Les discussions se polarisent entre une vision religieuse, incarnée notamment par l’Église catholique et le Pape François, et une vision soi-disant progressiste qui défend l’aide à mourir. Cette dichotomie simpliste éclipse totalement les personnes handicapées et les militant·es antivalidistes, pourtant directement concerné·es. Malgré les efforts constants de ces dernier·ères pour sensibiliser les responsables politiques, la parole des concerné·es reste largement absente des débats. Leurs arguments, de même que ceux de nombreux médecins et organisations de soignants notamment spécialisés en soins palliatifs ou oncologie, sont ignorés ou invisibilisés.

Ces oppositions, pourtant, reposent sur des principes éthiques et des considérations liées aux droits humains, à la lutte contre les discriminations et aux leçons tirées d’exemples internationaux comme celui du Canada. Elles s’appuient aussi sur les témoignages des soignants français, qui rapportent que les souhaits de mourir exprimés par les patient·es s’atténuent souvent dès que leur douleur et leur souffrance psychologique sont prises en charge de manière adéquate.

La disparition des désirs de mort lorsque la souffrance est prise en charge

De nombreuses études montrent que les patient·es atteint·es de maladies graves, telles que le cancer en phase terminale, changent fréquemment d’avis sur leur souhait de mourir lorsque leur douleur physique et leurs souffrances psychologiques sont mieux prises en charge. Les principaux facteurs influençant ce désir sont bien documentés :

  • Douleurs physiques mal soulagées : La peur de souffrir de douleurs intenses pousse souvent les patient·es à envisager la mort comme une échappatoire. Une prise en charge efficace des douleurs, grâce aux soins palliatifs et aux traitements spécifiques (analgésiques, sédation palliative), diminue significativement ce souhait.
  • Détresse psychologique : Des sentiments de dépression, d’anxiété ou d’être un fardeau pour leurs proches figurent parmi les raisons les plus fréquentes du désir de mourir. Ce sentiment d’être un « fardeau » est largement amplifié par une société validiste qui dévalorise les vies des personnes handicapées.
  • Perception de la qualité de vie : Un soutien émotionnel et social solide diminue nettement l’envie de mourir. Là encore, le validisme structurel est en cause, réduisant l’accès des concerné·es aux réseaux de soutien et aux ressources nécessaires.

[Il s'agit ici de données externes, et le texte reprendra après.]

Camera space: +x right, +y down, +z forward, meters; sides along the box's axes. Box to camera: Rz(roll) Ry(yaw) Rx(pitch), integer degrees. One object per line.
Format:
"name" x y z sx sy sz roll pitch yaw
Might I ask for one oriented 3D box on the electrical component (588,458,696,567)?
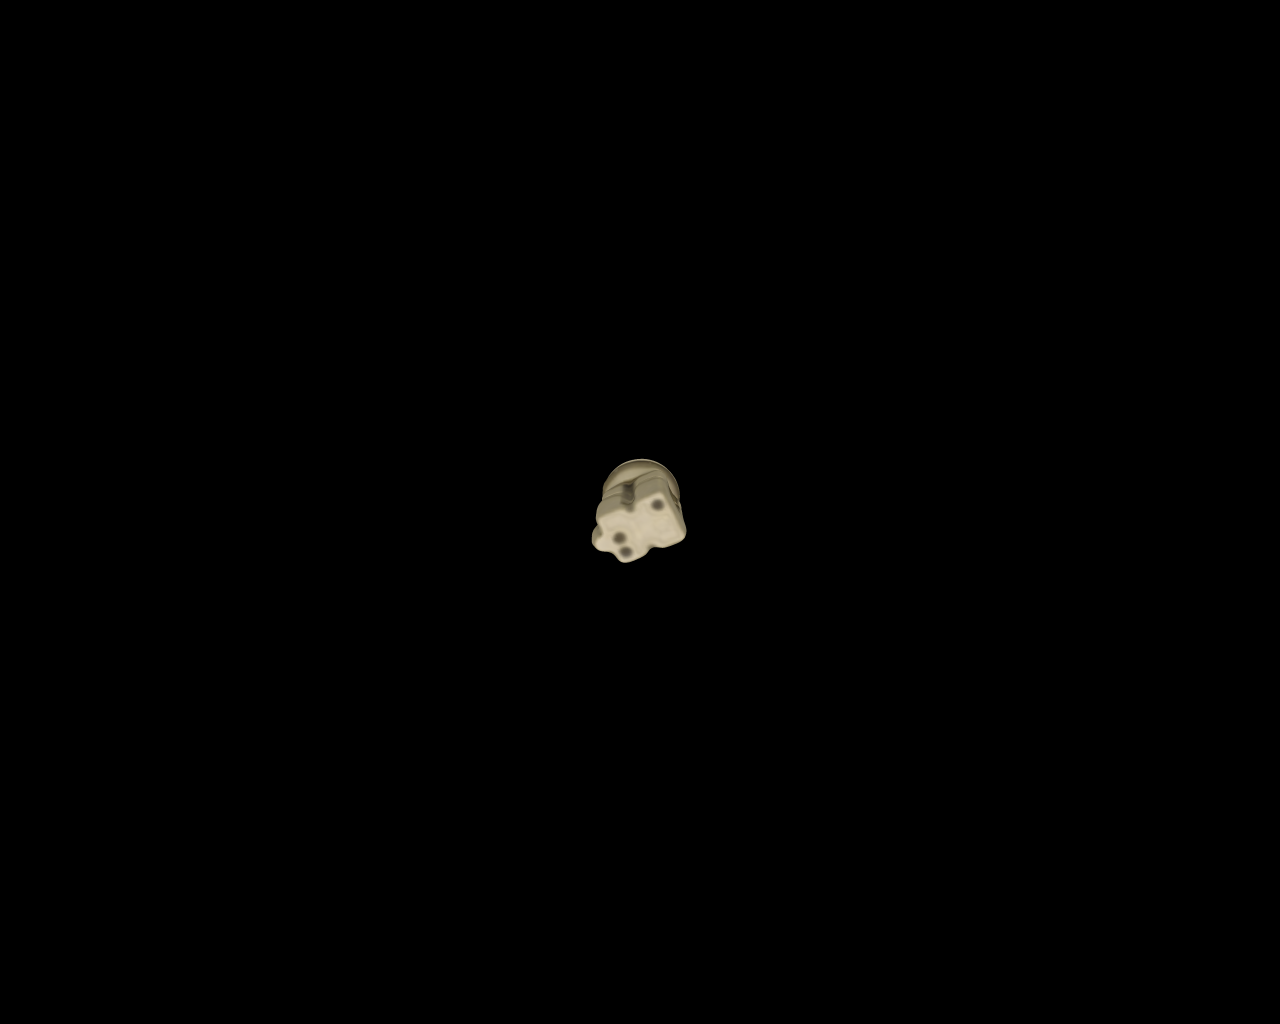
"electrical component" 0.001 -0.003 0.650 0.066 0.048 0.055 -22 25 10

De nombreuses études ont indiqué que lorsque les symptômes (physiques ou mentaux) sont mieux contrôlés, une grande majorité des patient·es renoncent à leur demande initiale de mourir. Par exemple, une revue systématique analyse le « désir d’accélérer la mort » chez des patient·es atteint·es de maladies avancées. Cette revue explore les motivations derrière ce souhait et souligne l’importance de comprendre ces perspectives pour adapter les réponses cliniques. 

La gestion efficace de la douleur peut donc significativement réduire les pensées de mort chez les patient·es souffrant de douleurs chroniques et de maladies terminales. Il est ainsi mis en évidence l’importance d’une approche intégrée combinant la gestion de la douleur physique et le soutien émotionnel. Des travaux ont aussi mis en lumière que les douleurs mal gérées peuvent intensifier le désespoir, mais que des interventions multidimensionnelles réduisent souvent ces effets négatifs.

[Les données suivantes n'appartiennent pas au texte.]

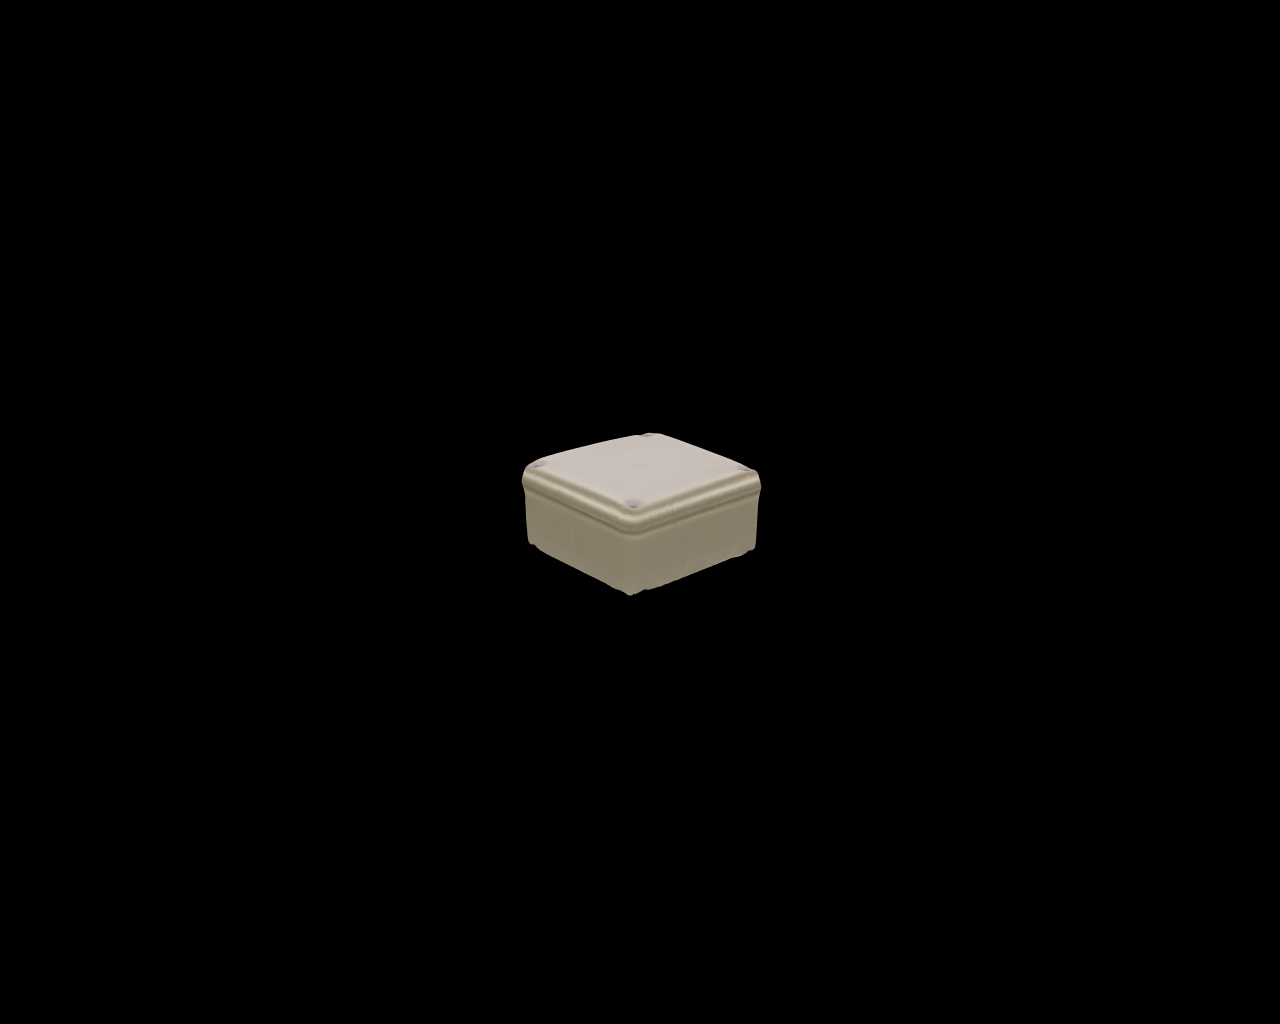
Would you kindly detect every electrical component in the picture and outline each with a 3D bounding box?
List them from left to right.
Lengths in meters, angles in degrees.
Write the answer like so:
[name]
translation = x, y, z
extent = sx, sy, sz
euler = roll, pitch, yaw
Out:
[electrical component]
translation = 0.001, -0.003, 0.650
extent = 0.109, 0.056, 0.109
euler = -17, 28, -37

La gestion multidimensionnelle des soins palliatifs, incluant traitements physiques, soutien psychologique et prise en charge sociale adéquate, se révèle cruciale pour répondre aux besoins des patient·es et apaiser leurs souffrances. Elle démontre que des interventions adaptées et globales suffisent souvent à faire disparaître ces pensées de mort.

La loi Claeys-Leonetti : un cadre existant sous-utilisé

Adoptée en 2016, la loi Claeys-Leonetti encadre déjà la fin de vie en France. Elle autorise notamment la sédation profonde et continue jusqu’au décès pour les patient·es en souffrance dont le pronostic vital est engagé à court terme. Ces dispositions assurent que les patient·es ne souffrent pas “inutilement”, tout en évitant de précipiter délibérément la mort. Cette législation garantit aussi l’accès à des soins palliatifs de qualité et introduit des outils comme les directives anticipées ou la désignation d’une personne de confiance pour faire respecter les volontés des patient·es.

Malheureusement, cette loi demeure méconnue et insuffisamment appliquée en raison d’un manque criant de moyens pour les soins palliatifs, ainsi que d’une méconnaissance du public et des professionnels de santé.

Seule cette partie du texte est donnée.